Work required = With pictures left out, set down every record word for word.

Record excerpts =
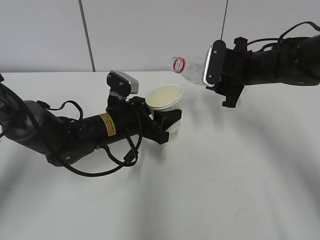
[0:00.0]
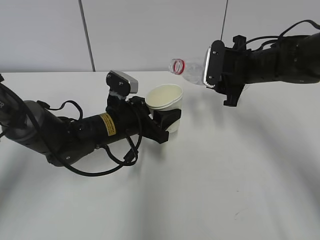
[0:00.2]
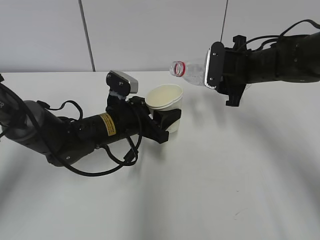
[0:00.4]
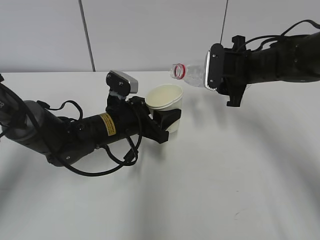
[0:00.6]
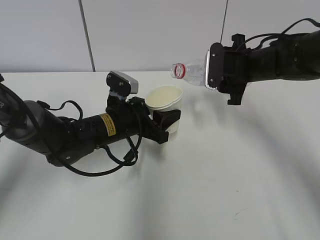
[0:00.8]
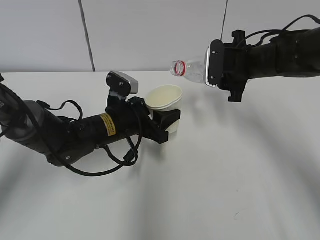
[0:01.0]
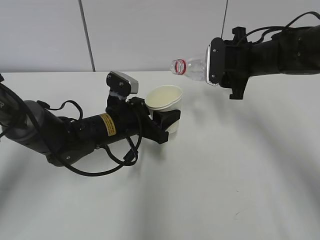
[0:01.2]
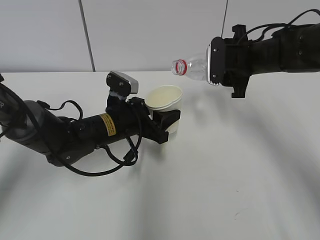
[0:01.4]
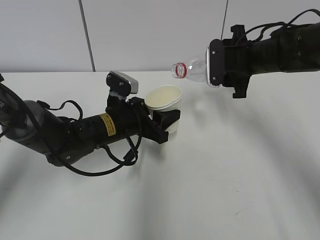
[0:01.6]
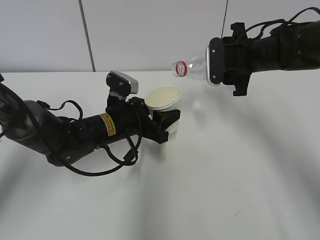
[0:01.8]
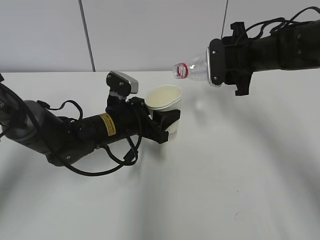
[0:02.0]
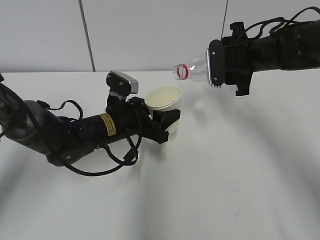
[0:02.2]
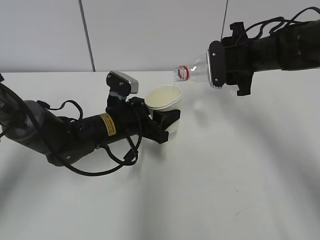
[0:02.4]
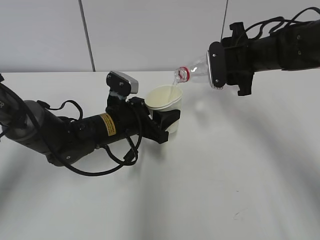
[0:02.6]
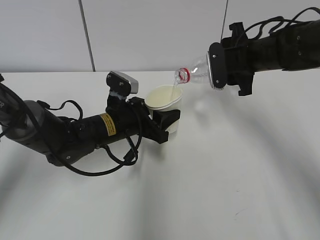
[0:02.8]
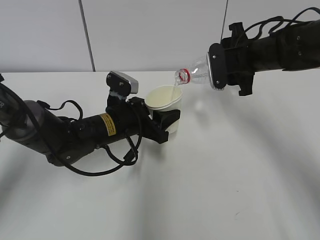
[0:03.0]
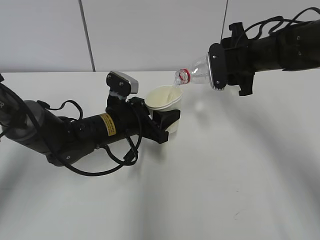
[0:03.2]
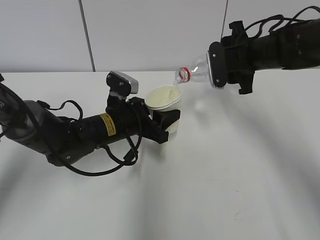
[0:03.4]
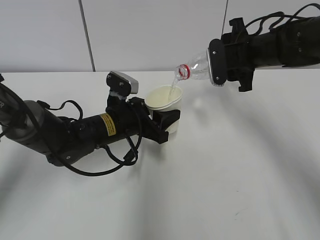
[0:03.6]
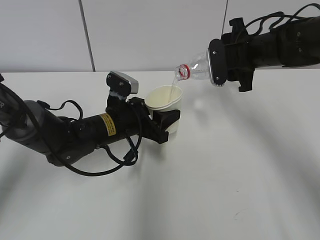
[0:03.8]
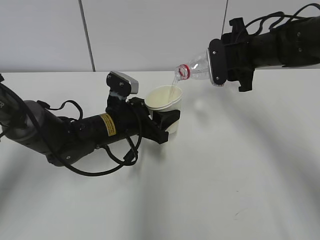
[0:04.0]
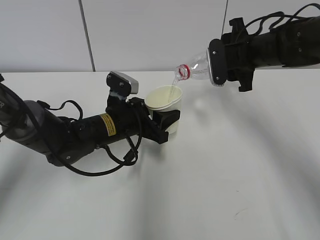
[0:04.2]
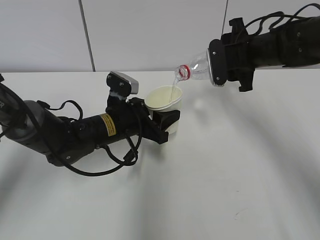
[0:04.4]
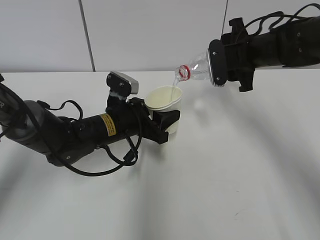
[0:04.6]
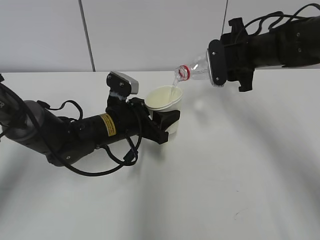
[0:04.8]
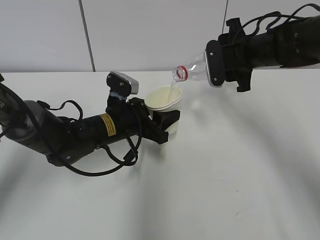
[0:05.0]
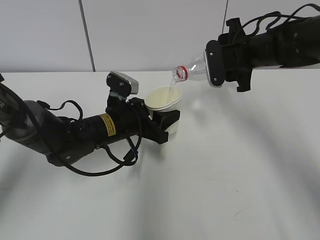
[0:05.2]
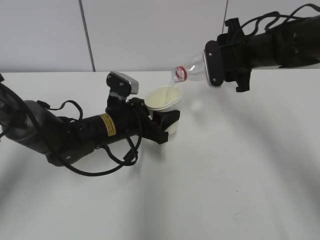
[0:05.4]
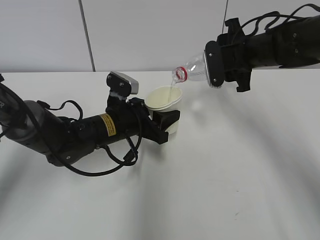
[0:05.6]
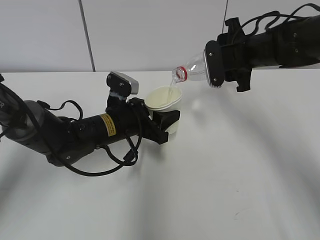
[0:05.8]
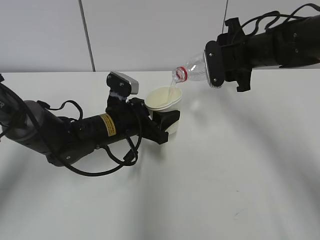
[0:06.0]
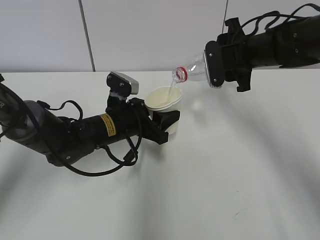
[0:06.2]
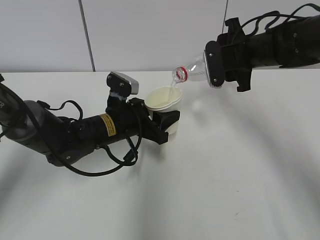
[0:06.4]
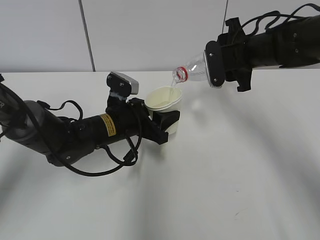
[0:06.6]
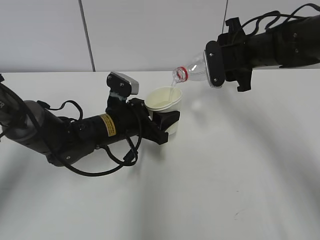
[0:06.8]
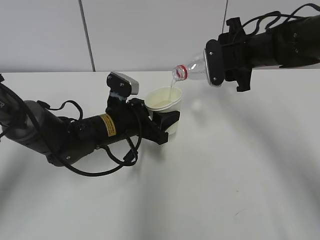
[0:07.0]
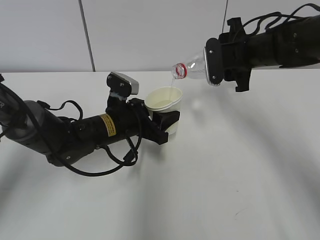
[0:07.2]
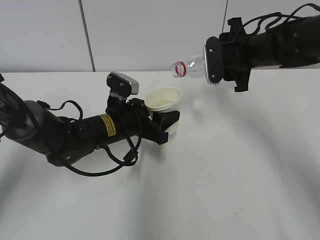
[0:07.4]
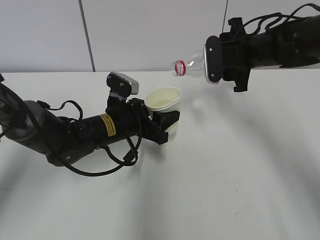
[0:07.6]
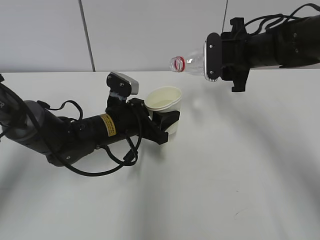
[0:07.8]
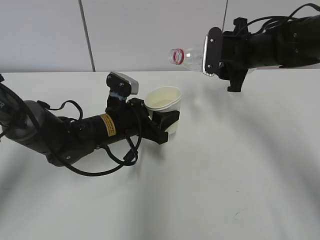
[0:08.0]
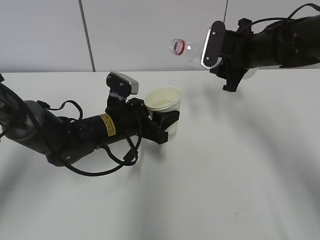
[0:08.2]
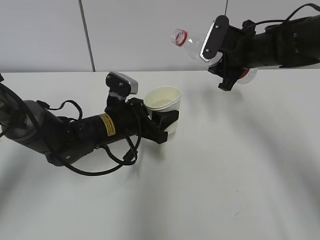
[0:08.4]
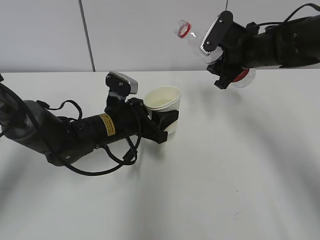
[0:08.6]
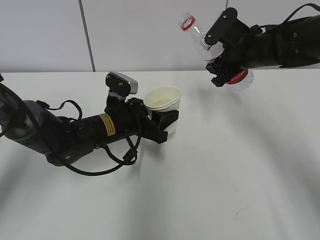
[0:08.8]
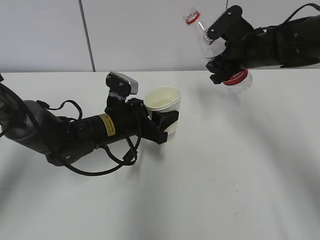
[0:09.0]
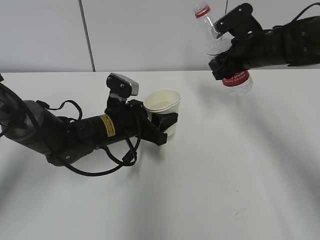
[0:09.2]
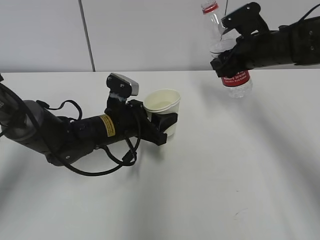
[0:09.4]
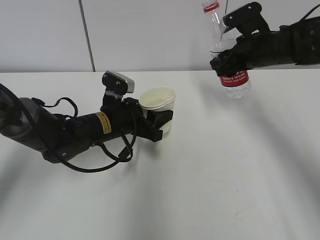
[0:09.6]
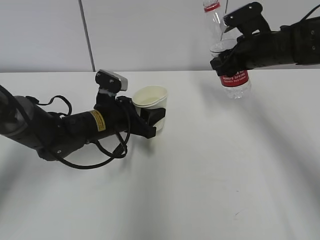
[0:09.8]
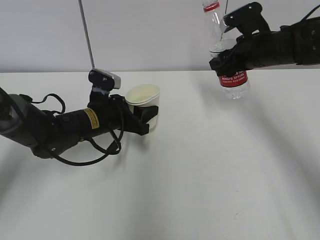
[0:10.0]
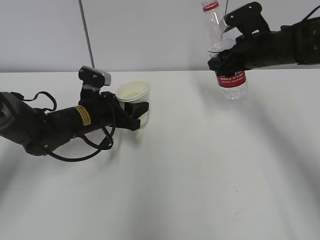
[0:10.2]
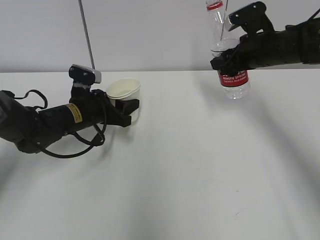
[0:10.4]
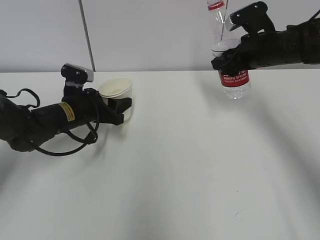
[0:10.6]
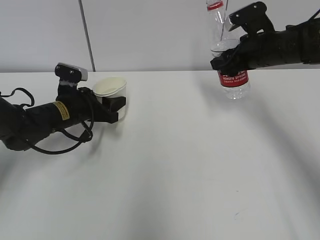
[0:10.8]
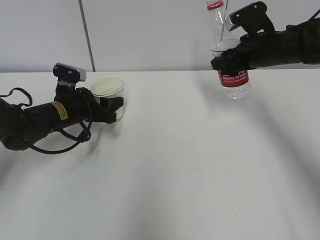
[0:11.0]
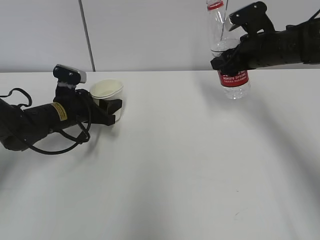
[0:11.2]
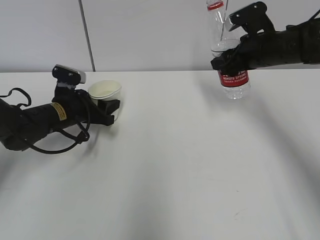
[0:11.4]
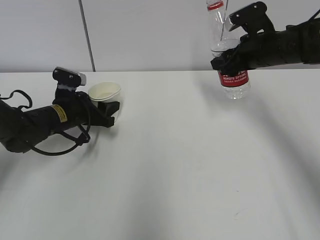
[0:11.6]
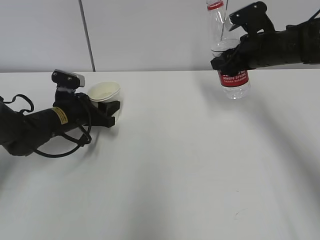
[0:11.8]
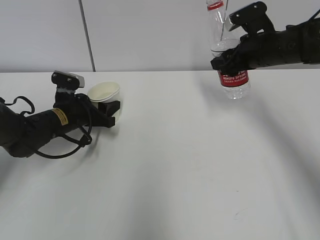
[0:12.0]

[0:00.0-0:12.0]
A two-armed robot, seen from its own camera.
Step, 0:00.0 to 0:03.4: Pour water with the right hand.
Step, 0:03.6 to 0:05.4: Collect water with the right hand.
Step, 0:05.6 to 0:08.0: Place the paper cup with the left hand.
0:00.0 to 0:01.6: The grippers make only small movements.
0:01.6 to 0:03.0: The grippers move only a little.
0:03.0 to 0:06.0: Both grippers stay about where they are.
0:06.0 to 0:07.6: The grippers make only small movements.
0:09.0 to 0:10.4: The left gripper heads to the left, covering roughly 5 cm.
0:10.4 to 0:12.0: The grippers make only small movements.

Reply =
[0:00.0]
[0:00.2]
[0:00.4]
[0:00.6]
[0:00.8]
[0:01.0]
[0:01.2]
[0:01.4]
[0:01.6]
[0:01.8]
[0:02.0]
[0:02.2]
[0:02.4]
[0:02.6]
[0:02.8]
[0:03.0]
[0:03.2]
[0:03.4]
[0:03.6]
[0:03.8]
[0:04.0]
[0:04.2]
[0:04.4]
[0:04.6]
[0:04.8]
[0:05.0]
[0:05.2]
[0:05.4]
[0:05.6]
[0:05.8]
[0:06.0]
[0:06.2]
[0:06.4]
[0:06.6]
[0:06.8]
[0:07.0]
[0:07.2]
[0:07.4]
[0:07.6]
[0:07.8]
[0:08.0]
[0:08.2]
[0:08.4]
[0:08.6]
[0:08.8]
[0:09.0]
[0:09.2]
[0:09.4]
[0:09.6]
[0:09.8]
[0:10.0]
[0:10.2]
[0:10.4]
[0:10.6]
[0:10.8]
[0:11.0]
[0:11.2]
[0:11.4]
[0:11.6]
[0:11.8]
[0:12.0]

[0:00.0-0:12.0]
A two-armed robot, seen from its own camera.
Step, 0:00.0 to 0:03.4: Pour water with the right hand.
Step, 0:03.6 to 0:05.4: Collect water with the right hand.
Step, 0:05.6 to 0:08.0: Place the paper cup with the left hand.
0:00.0 to 0:01.6: The grippers make only small movements.
0:01.6 to 0:03.0: The grippers move only a little.
0:03.0 to 0:06.0: Both grippers stay about where they are.
0:06.0 to 0:07.6: The grippers make only small movements.
0:09.0 to 0:10.4: The left gripper heads to the left, covering roughly 5 cm.
0:10.4 to 0:12.0: The grippers make only small movements.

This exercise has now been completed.